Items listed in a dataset

= Beginning of Section =

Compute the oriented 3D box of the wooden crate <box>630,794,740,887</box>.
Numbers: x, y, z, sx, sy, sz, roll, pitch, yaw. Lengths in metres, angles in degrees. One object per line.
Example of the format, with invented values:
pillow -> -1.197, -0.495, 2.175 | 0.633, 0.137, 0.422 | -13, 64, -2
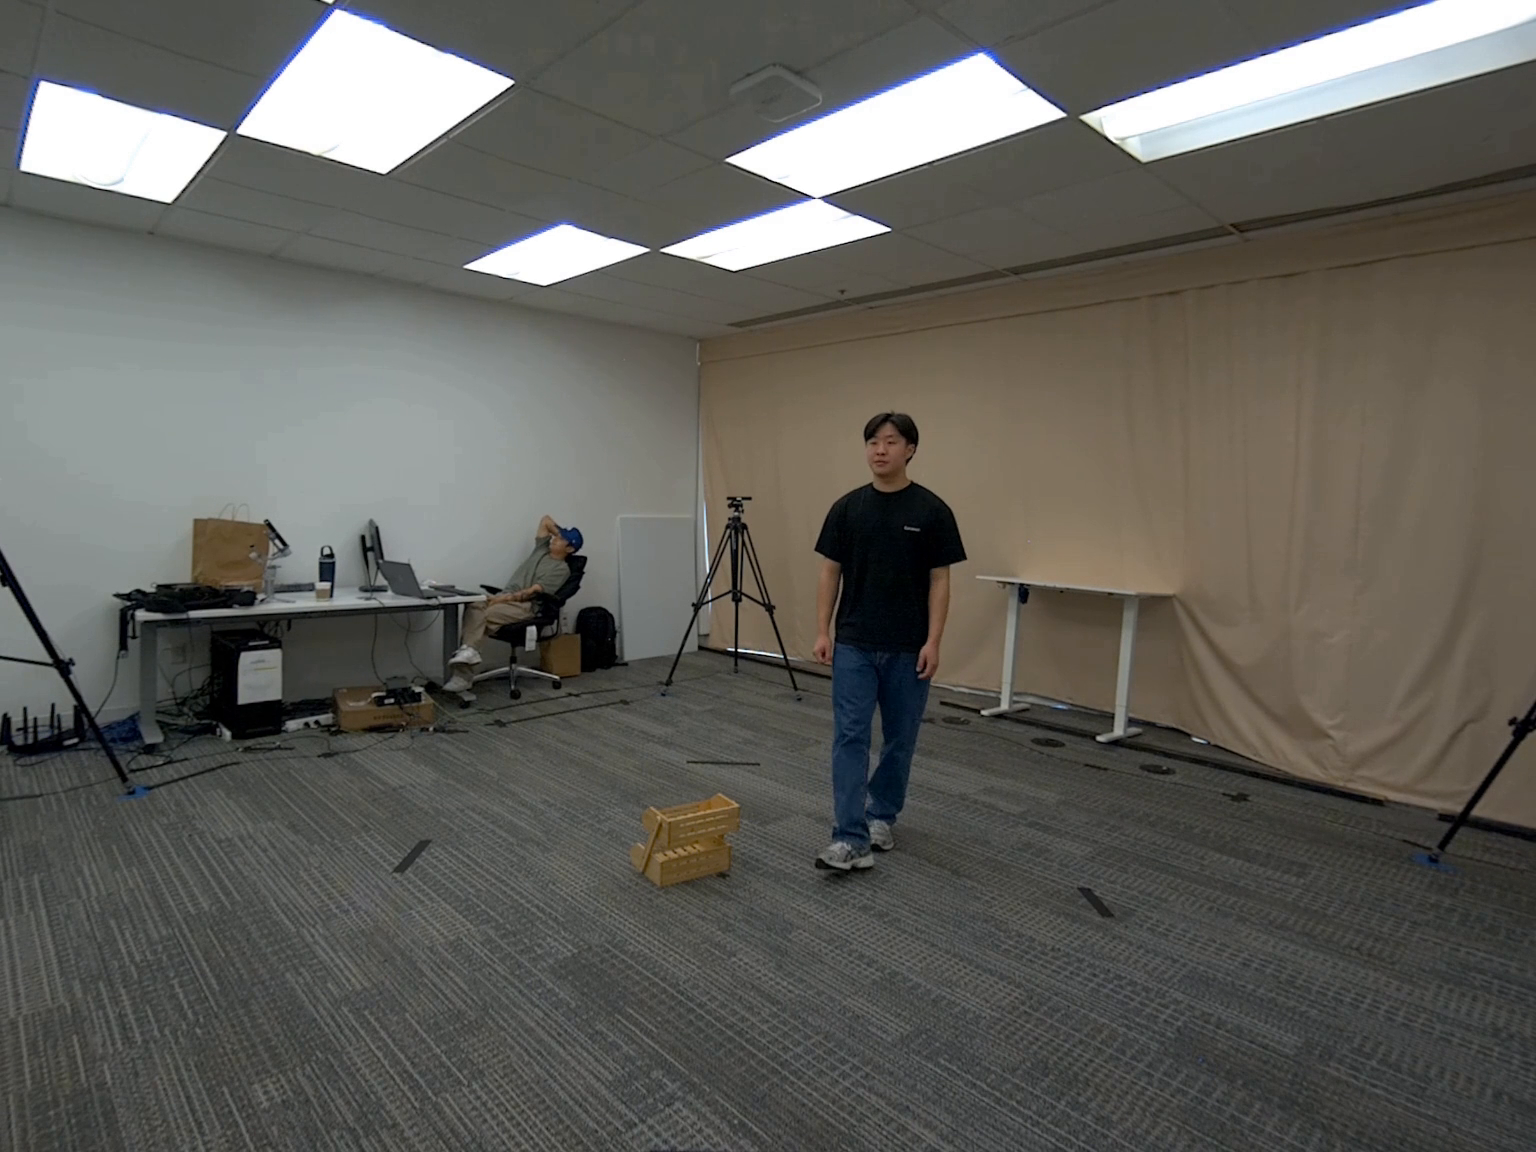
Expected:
wooden crate -> -0.320, 0.964, 3.153 | 0.317, 0.272, 0.309 | -2, 6, -34
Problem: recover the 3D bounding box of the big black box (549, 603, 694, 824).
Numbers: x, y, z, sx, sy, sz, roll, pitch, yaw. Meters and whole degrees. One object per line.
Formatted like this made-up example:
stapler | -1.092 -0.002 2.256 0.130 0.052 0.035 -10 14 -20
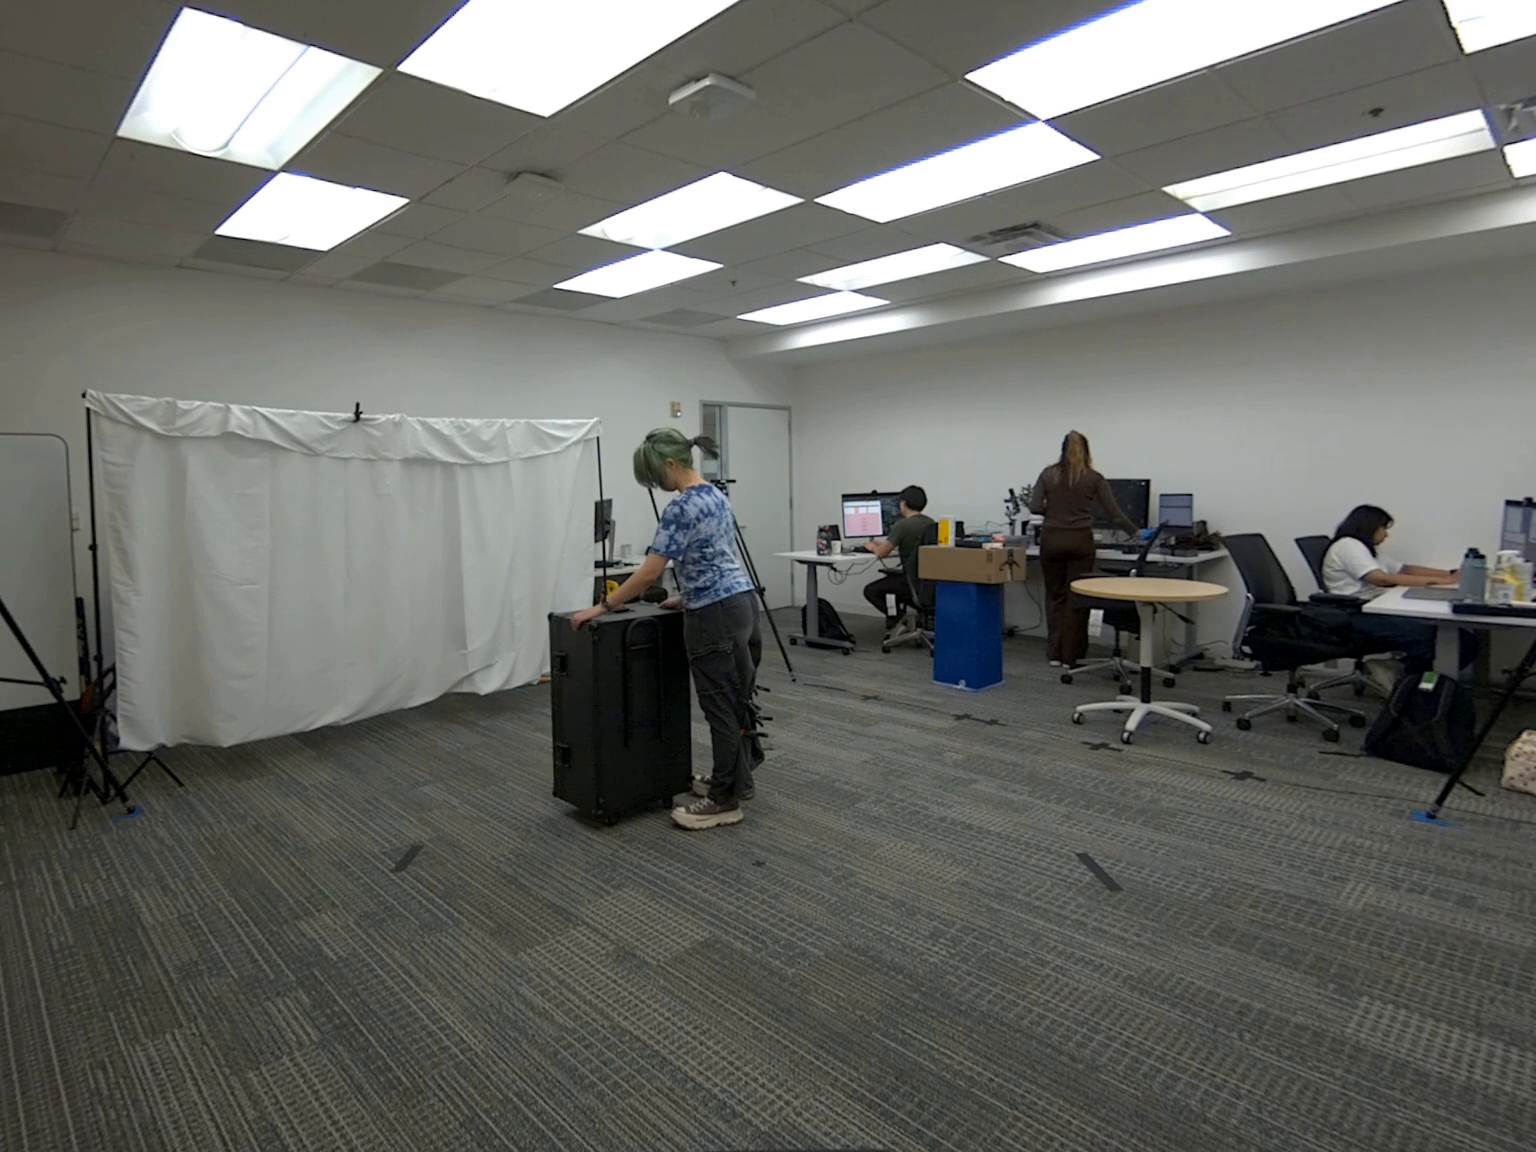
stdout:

= End of Section =

> _Problem to solve_: Both the line containing "Numbers: x, y, z, sx, sy, sz, roll, pitch, yaw. Meters" and the last line of the records above belong in the exact copy, along with every line between them; pictures do not.

> _Your response_:
Numbers: x, y, z, sx, sy, sz, roll, pitch, yaw. Meters and whole degrees. One object per line.
Formatted like this made-up example:
stapler | -1.092 -0.002 2.256 0.130 0.052 0.035 -10 14 -20
stdout:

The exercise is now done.